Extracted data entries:
■ ■ ■ ■

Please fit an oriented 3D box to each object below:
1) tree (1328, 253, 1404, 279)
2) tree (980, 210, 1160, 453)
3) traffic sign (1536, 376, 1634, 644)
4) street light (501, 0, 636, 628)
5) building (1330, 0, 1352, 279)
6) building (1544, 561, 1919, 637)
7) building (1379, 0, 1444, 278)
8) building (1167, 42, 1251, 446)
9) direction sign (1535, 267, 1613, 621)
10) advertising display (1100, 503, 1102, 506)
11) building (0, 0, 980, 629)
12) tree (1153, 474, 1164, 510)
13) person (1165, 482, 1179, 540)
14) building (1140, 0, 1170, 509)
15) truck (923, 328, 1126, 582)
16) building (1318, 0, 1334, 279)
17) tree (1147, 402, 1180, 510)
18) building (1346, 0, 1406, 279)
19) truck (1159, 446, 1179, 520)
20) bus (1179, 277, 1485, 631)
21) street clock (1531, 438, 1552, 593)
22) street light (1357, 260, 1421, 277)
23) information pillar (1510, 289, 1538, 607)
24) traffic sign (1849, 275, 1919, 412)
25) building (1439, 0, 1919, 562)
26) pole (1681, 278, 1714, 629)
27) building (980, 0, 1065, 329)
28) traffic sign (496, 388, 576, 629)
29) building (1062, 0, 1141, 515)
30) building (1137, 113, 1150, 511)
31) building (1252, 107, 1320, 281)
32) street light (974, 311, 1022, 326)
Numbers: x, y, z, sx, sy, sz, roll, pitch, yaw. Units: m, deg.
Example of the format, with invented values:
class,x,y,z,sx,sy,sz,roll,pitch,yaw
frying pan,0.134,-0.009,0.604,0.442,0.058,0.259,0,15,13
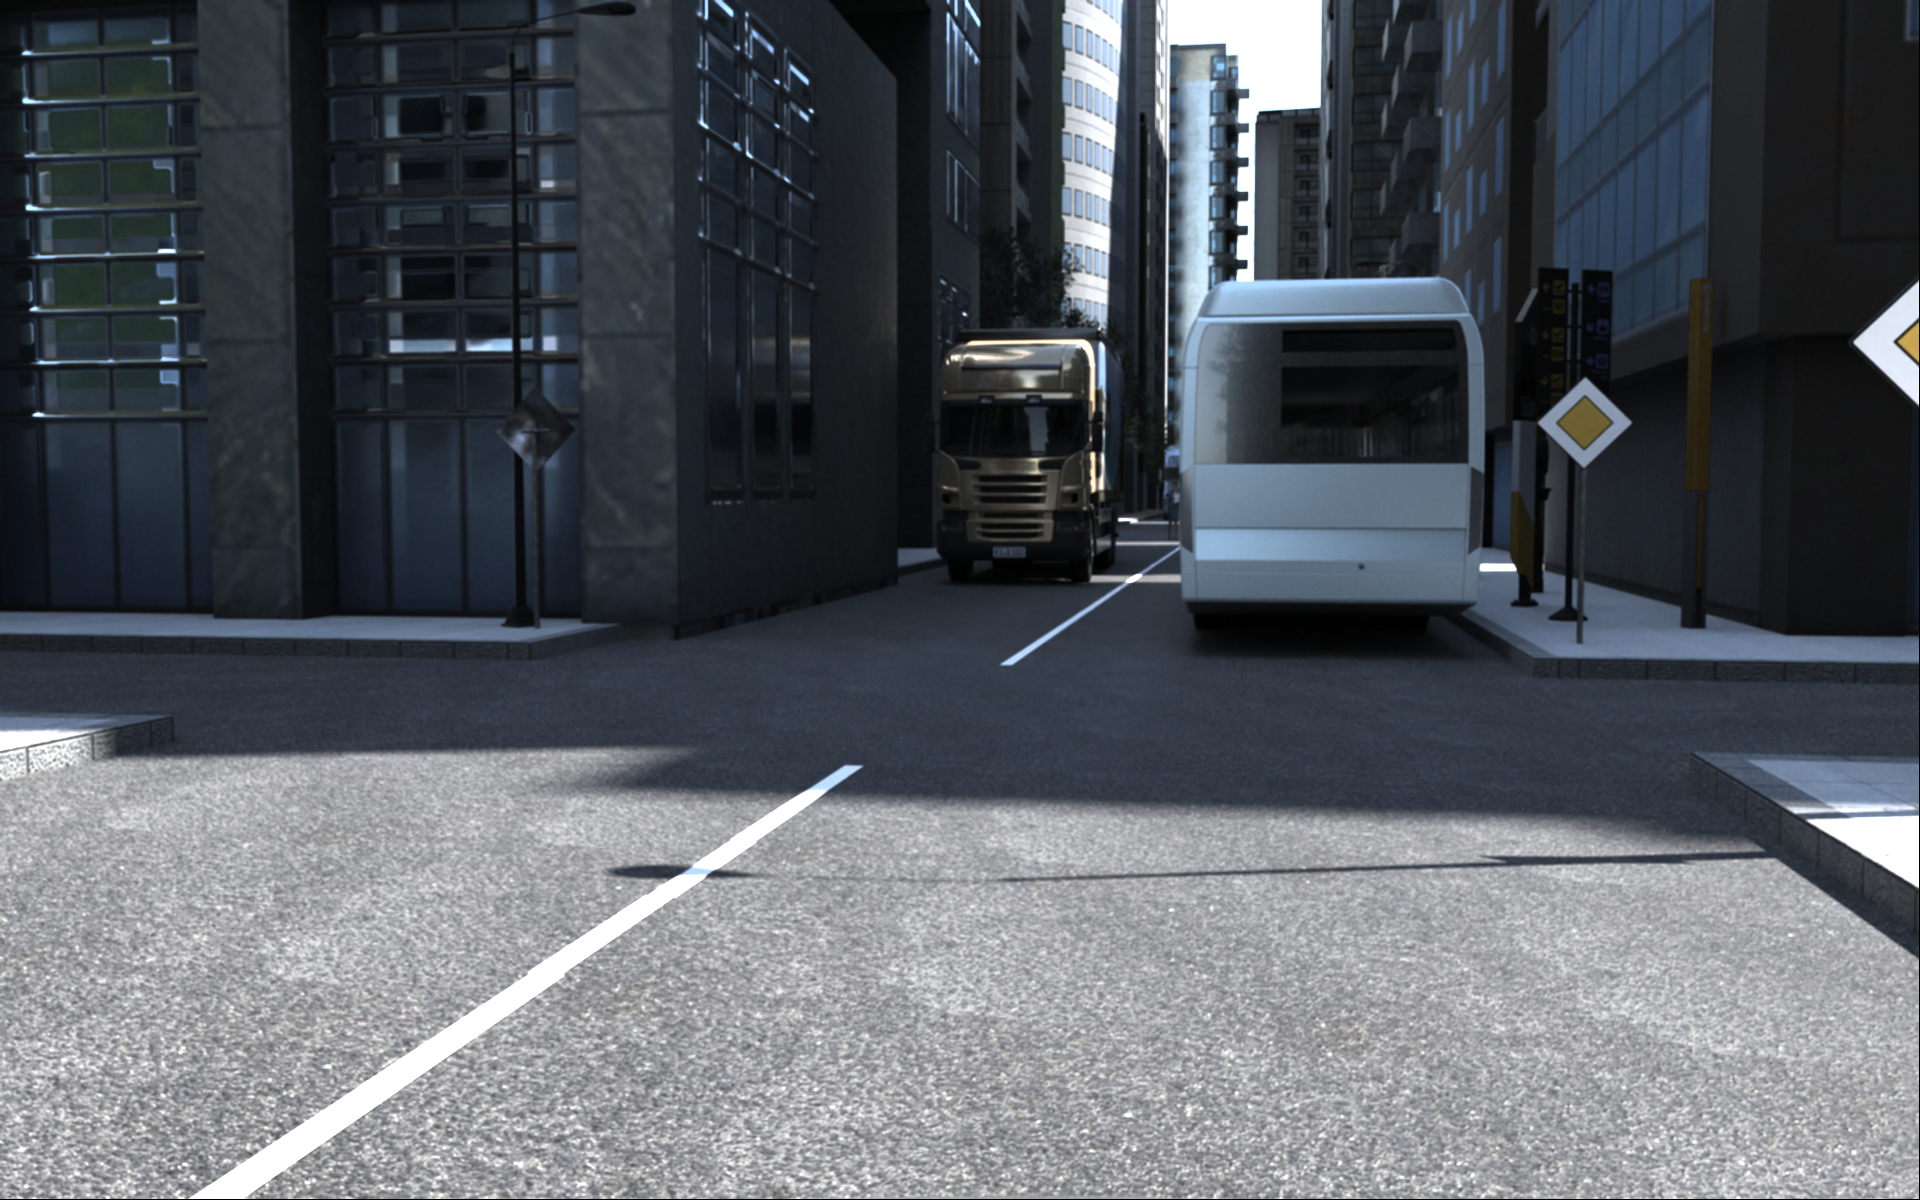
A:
class,x,y,z,sx,sy,sz,roll,pitch,yaw
tree,12.868,-6.287,53.149,4.360,8.622,3.978,0,3,0
tree,1.566,-7.542,57.720,7.601,10.594,8.767,-1,4,-13
traffic sign,5.322,-0.684,14.823,0.795,2.450,0.064,1,4,10
street light,-3.733,-2.691,16.546,1.470,5.913,1.316,1,4,10
building,36.214,-35.254,118.395,21.231,58.520,28.212,1,4,10
building,15.215,-22.601,19.643,14.200,45.320,14.600,1,4,10
building,28.912,-27.504,69.303,23.786,49.044,30.456,1,4,10
building,15.620,-34.659,186.290,30.456,49.044,23.786,1,4,10
direction sign,6.197,-1.562,17.540,0.876,3.537,0.379,-1,4,-19
advertising display,6.283,-4.383,76.883,0.123,1.923,0.974,1,4,10
building,-11.126,-43.965,31.500,22.319,86.520,31.000,1,4,10
tree,16.329,-8.960,141.099,1.663,3.219,1.824,0,3,0
person,6.764,-2.826,54.734,0.581,1.822,0.654,0,4,-1
building,7.981,-43.860,155.356,20.611,71.187,20.563,1,4,10
truck,1.486,-2.613,31.636,2.839,4.237,11.283,1,4,8
building,44.192,-34.019,145.451,28.713,52.752,27.495,1,4,10
tree,15.549,-11.416,137.010,4.737,8.622,4.395,0,3,0
building,29.120,-19.998,98.669,14.160,30.474,14.107,1,4,10
truck,13.442,-6.897,102.517,2.967,4.110,18.799,0,4,8
bus,4.184,-1.622,21.382,2.948,3.499,13.247,1,4,9
street clock,7.494,-1.097,22.511,0.358,2.002,0.471,1,4,13
street light,8.564,-3.785,34.432,1.470,5.913,1.316,1,4,10
information pillar,6.422,-1.733,19.690,0.183,3.616,0.504,3,5,40
traffic sign,3.962,-0.203,6.954,0.795,2.450,0.064,1,4,10
building,19.263,-23.868,40.360,14.600,45.320,14.200,1,4,10
pole,7.032,-1.386,16.510,0.158,3.312,0.155,0,3,0
building,-3.389,-23.739,71.733,14.154,41.232,14.086,1,4,10
traffic sign,-4.030,-0.784,16.454,0.795,2.450,0.064,1,4,10
building,-0.508,-34.458,105.384,21.231,58.520,28.212,1,4,10
building,6.309,-21.716,126.755,14.160,30.474,14.107,1,4,10
building,37.006,-30.215,177.614,14.086,41.232,14.154,1,4,10
street light,0.881,-4.380,44.161,1.470,5.913,1.316,1,4,10

■ ■ ■ ■

- _Assignment_
All that is needed is the exact run of lines above from the line containing "29) building (1062, 0, 1141, 515)" through the line containing "frying pan,0.134,-0.009,0.604,0.442,0.058,0.259,0,15,13", both of them included.

- _Response to this exercise_
29) building (1062, 0, 1141, 515)
30) building (1137, 113, 1150, 511)
31) building (1252, 107, 1320, 281)
32) street light (974, 311, 1022, 326)
Numbers: x, y, z, sx, sy, sz, roll, pitch, yaw. Units: m, deg.
Example of the format, with invented values:
class,x,y,z,sx,sy,sz,roll,pitch,yaw
frying pan,0.134,-0.009,0.604,0.442,0.058,0.259,0,15,13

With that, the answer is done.